> PROBLEM TO WORK ON:
Reproduce exactly the lines from the one containing "And the 3D box for the pedestrian [1317, 848, 1327, 868]?" through the last line of the records below, both included, and nothing else.

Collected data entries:
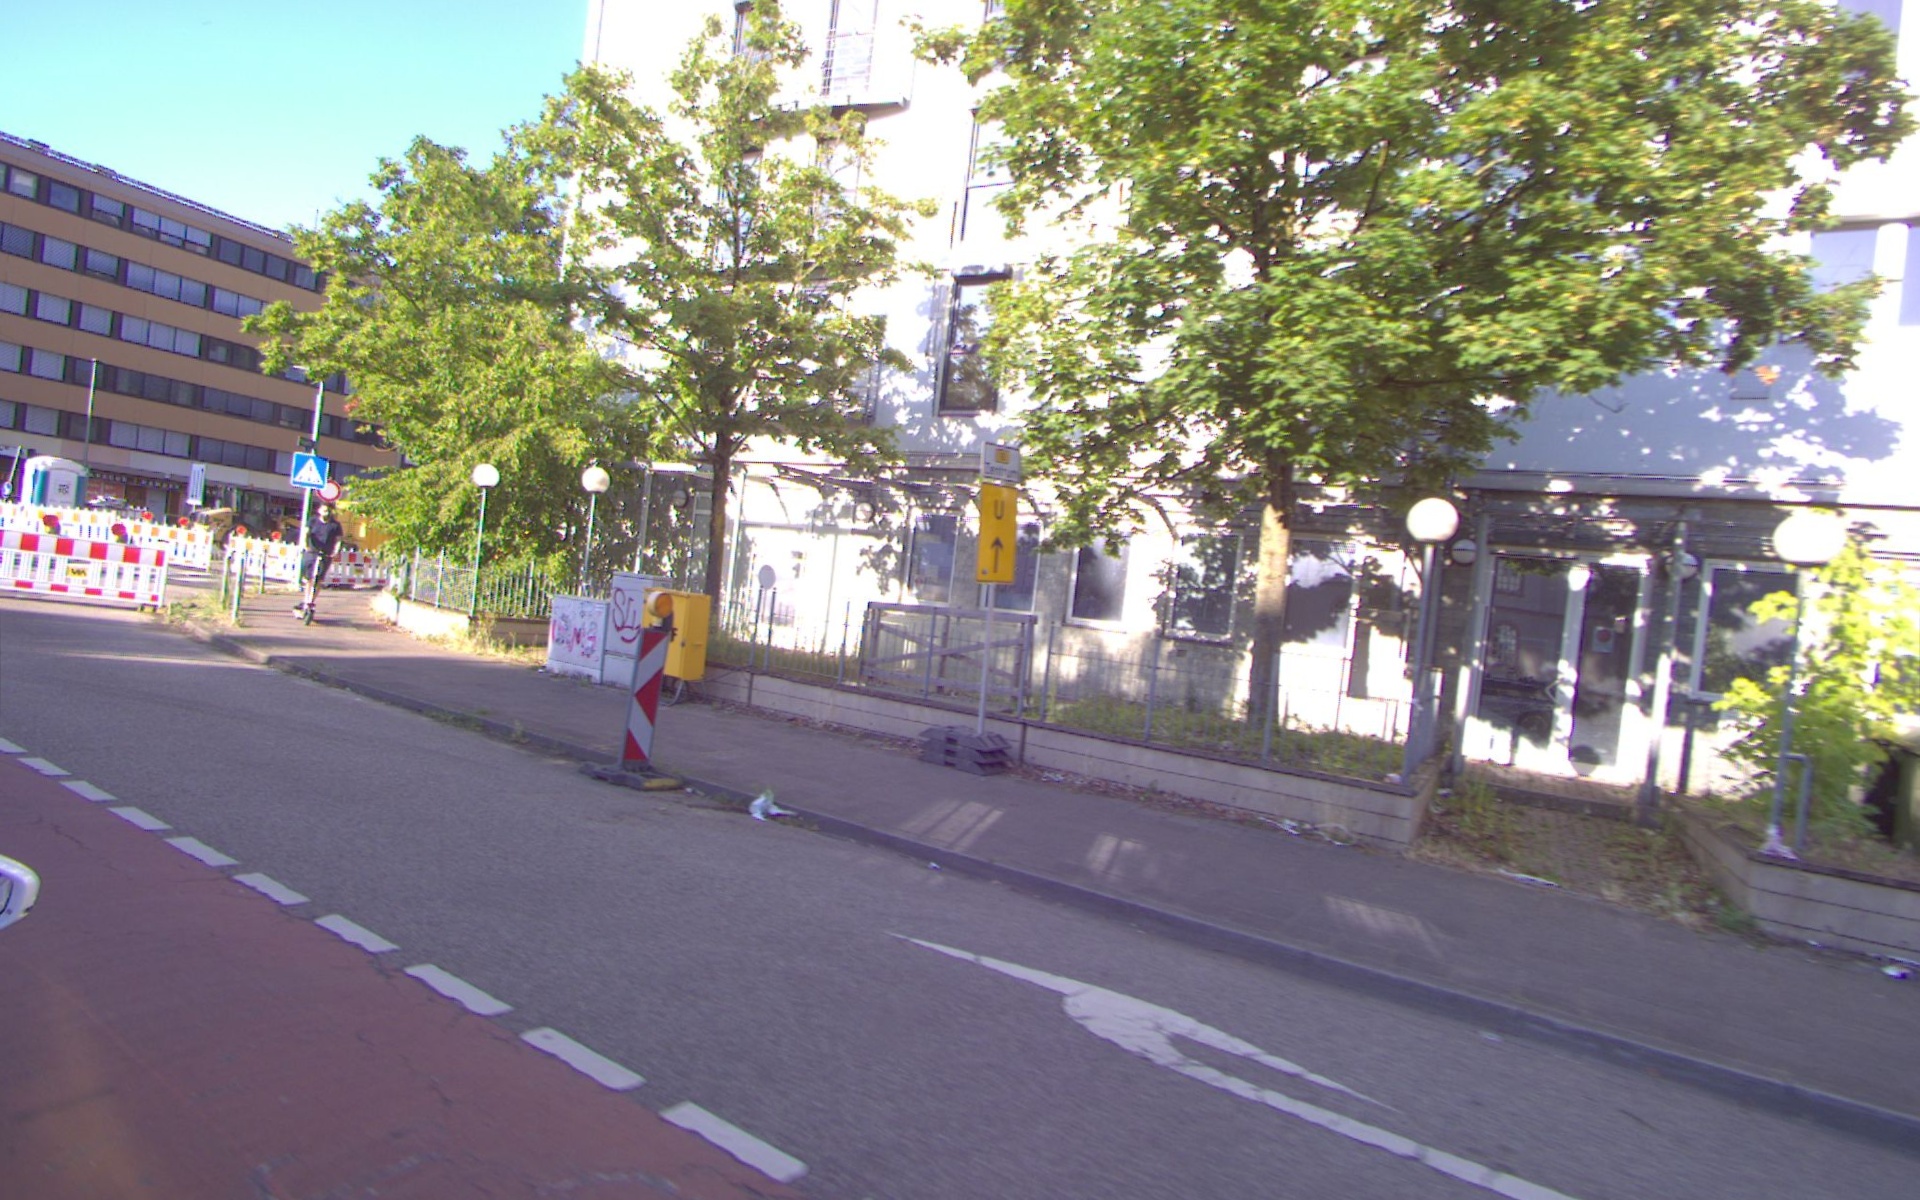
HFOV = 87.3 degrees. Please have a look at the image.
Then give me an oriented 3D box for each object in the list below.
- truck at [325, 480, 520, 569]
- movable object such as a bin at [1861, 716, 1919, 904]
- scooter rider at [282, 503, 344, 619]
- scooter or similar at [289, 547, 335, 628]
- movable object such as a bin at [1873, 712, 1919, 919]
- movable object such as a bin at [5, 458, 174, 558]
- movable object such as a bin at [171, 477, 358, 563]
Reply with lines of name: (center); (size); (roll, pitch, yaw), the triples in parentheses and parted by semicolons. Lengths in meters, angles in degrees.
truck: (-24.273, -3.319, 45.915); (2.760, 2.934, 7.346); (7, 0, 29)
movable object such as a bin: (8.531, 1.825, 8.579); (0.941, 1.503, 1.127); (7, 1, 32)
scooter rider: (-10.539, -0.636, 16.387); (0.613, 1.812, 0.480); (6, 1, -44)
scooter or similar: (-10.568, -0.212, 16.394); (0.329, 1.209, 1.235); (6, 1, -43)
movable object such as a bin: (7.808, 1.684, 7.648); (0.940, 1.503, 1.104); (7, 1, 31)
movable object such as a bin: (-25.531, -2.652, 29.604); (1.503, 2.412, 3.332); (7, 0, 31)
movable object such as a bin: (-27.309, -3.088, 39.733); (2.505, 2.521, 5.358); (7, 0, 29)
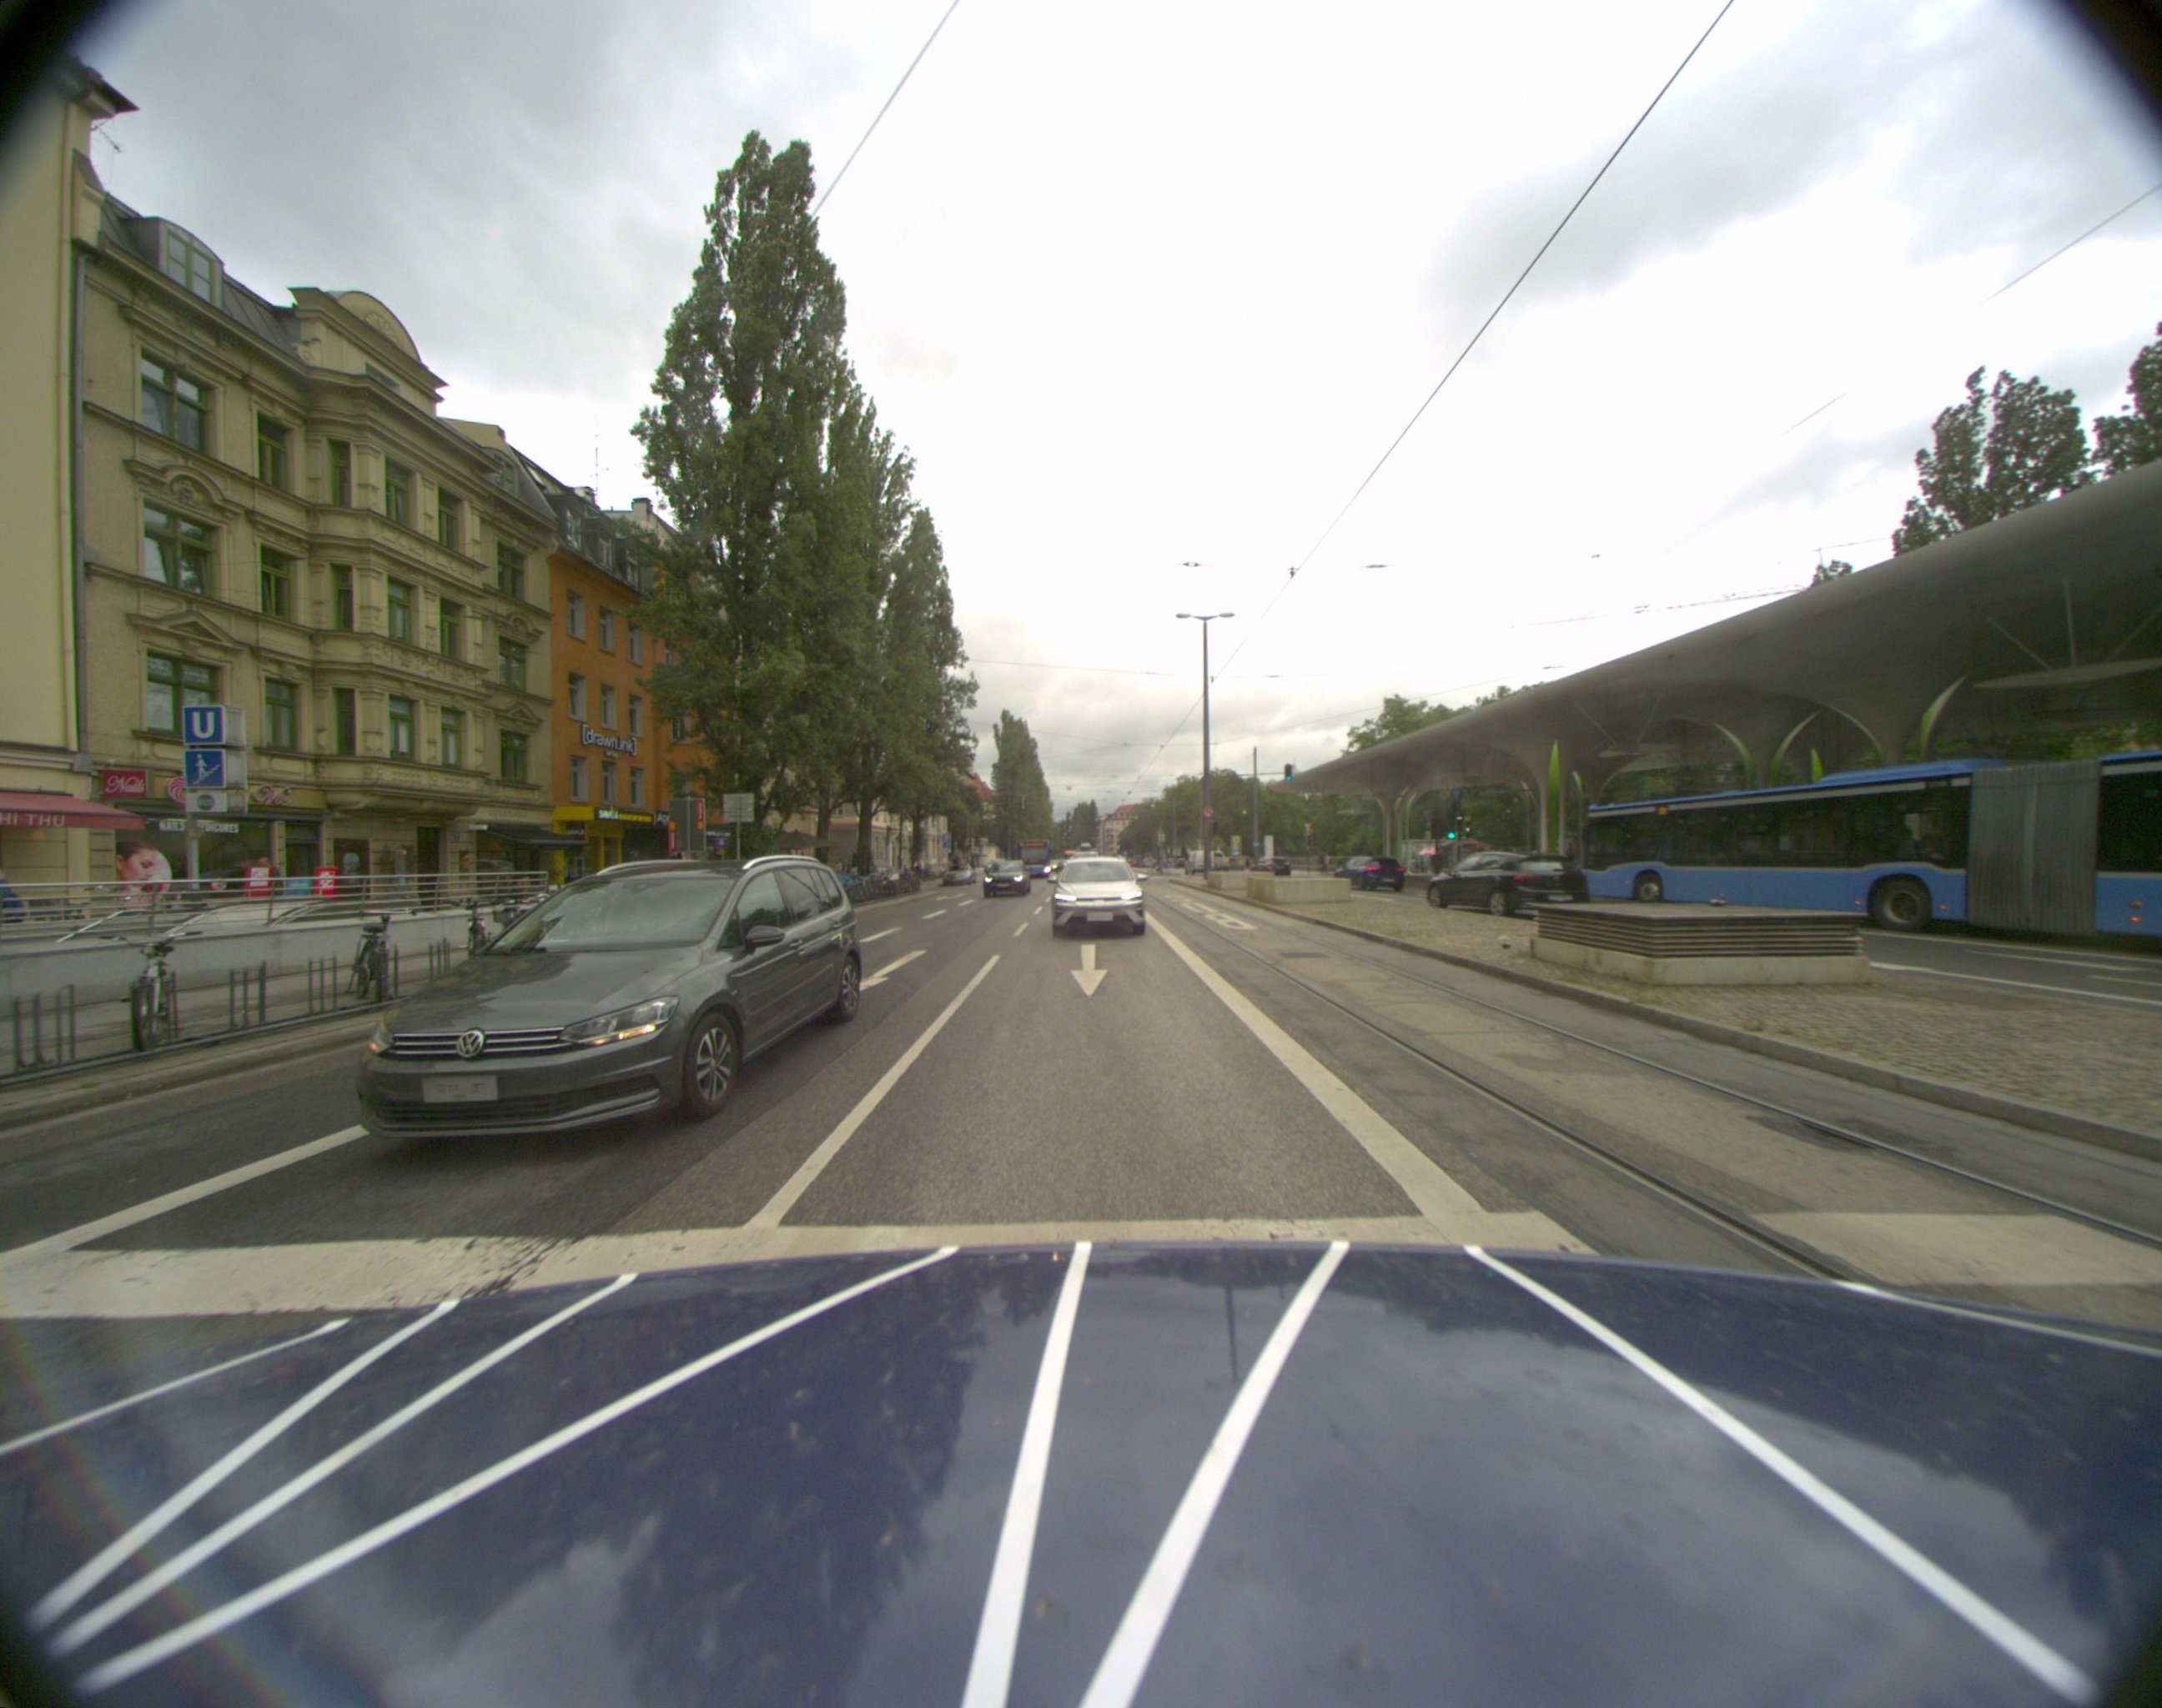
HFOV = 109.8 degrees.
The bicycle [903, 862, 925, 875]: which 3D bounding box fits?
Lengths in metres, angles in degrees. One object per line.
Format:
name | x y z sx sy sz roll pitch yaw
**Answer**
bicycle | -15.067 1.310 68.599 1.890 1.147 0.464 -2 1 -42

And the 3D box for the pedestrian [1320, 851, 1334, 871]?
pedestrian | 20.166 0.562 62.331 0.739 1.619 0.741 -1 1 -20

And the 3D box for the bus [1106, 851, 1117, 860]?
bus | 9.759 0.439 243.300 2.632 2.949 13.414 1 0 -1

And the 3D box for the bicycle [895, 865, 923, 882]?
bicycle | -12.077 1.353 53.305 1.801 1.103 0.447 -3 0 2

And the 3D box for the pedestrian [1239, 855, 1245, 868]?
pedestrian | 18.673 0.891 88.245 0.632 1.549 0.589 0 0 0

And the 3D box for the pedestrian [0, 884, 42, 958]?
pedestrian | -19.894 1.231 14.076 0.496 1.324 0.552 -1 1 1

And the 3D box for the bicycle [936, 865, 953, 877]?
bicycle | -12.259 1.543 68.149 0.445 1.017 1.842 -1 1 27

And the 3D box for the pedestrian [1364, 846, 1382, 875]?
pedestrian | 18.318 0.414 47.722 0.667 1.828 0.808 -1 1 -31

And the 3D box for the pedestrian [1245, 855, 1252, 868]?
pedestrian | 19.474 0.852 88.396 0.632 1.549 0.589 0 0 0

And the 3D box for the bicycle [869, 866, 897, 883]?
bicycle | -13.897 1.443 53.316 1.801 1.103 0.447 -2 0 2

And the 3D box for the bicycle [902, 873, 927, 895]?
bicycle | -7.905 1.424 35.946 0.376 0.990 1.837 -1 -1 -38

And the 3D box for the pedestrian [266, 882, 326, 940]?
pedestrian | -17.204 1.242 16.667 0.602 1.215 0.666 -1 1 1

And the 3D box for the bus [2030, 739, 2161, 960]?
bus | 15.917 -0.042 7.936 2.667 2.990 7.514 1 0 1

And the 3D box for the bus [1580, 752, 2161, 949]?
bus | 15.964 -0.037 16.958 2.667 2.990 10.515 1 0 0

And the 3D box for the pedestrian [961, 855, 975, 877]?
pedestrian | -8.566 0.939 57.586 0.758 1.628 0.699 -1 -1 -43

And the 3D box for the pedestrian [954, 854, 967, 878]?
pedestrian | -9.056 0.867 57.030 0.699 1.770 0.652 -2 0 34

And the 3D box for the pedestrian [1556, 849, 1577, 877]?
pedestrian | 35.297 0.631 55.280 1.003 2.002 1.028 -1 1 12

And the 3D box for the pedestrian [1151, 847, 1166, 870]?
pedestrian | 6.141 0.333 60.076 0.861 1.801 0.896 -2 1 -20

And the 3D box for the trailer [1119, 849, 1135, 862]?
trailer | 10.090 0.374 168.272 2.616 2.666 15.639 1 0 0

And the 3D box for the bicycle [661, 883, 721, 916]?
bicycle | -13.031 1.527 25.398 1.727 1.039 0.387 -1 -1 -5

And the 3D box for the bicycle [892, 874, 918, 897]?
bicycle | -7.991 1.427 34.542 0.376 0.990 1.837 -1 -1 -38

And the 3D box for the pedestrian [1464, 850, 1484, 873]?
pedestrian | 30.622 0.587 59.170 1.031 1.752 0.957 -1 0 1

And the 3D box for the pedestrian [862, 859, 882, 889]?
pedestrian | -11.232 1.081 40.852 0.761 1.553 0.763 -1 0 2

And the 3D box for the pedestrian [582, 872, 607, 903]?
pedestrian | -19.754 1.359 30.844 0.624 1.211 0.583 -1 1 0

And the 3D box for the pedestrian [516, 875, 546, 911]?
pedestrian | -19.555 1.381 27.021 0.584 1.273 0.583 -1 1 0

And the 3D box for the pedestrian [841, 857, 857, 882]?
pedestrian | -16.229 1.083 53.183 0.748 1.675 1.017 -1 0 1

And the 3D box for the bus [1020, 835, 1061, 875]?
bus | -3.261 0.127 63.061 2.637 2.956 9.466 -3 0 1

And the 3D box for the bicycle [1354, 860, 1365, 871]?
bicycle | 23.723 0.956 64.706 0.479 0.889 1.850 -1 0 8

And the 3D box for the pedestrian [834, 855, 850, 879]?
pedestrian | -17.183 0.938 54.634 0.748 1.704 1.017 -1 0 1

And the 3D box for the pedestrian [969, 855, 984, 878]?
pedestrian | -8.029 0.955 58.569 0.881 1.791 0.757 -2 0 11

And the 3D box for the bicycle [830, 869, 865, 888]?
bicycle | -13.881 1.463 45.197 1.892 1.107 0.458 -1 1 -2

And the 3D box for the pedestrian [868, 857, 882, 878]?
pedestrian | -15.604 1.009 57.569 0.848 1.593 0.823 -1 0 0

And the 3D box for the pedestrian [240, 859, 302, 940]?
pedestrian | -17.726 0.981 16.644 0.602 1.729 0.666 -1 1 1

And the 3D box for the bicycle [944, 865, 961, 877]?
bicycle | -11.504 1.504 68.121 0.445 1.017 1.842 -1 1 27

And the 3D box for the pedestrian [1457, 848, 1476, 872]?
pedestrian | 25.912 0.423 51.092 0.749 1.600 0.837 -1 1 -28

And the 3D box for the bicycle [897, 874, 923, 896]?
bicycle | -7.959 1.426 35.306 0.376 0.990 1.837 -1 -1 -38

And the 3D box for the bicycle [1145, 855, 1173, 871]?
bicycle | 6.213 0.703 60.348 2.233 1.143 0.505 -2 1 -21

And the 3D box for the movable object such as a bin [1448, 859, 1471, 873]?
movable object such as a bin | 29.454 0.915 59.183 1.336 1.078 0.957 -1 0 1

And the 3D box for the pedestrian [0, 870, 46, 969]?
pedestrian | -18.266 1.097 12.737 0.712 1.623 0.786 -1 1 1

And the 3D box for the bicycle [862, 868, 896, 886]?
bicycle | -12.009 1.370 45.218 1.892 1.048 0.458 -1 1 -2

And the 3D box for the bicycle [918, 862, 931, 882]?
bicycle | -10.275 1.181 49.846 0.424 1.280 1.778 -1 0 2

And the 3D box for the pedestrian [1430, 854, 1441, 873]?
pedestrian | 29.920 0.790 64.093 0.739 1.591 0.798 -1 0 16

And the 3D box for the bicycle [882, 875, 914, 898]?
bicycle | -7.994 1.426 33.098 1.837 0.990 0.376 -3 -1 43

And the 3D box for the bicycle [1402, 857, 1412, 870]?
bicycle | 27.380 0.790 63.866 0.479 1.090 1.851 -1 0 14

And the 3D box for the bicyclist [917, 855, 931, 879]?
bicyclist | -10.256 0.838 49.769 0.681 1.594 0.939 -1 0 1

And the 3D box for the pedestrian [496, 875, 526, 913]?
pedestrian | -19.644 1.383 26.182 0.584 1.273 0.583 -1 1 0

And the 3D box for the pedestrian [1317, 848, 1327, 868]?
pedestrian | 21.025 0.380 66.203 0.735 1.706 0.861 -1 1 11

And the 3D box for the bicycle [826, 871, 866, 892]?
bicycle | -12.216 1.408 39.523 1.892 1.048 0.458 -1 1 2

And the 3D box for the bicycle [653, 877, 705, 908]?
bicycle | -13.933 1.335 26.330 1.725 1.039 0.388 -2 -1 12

> SOLUTION FOR THIS PROBLEM:
And the 3D box for the pedestrian [1317, 848, 1327, 868]?
pedestrian | 21.025 0.380 66.203 0.735 1.706 0.861 -1 1 11

And the 3D box for the bicycle [826, 871, 866, 892]?
bicycle | -12.216 1.408 39.523 1.892 1.048 0.458 -1 1 2

And the 3D box for the bicycle [653, 877, 705, 908]?
bicycle | -13.933 1.335 26.330 1.725 1.039 0.388 -2 -1 12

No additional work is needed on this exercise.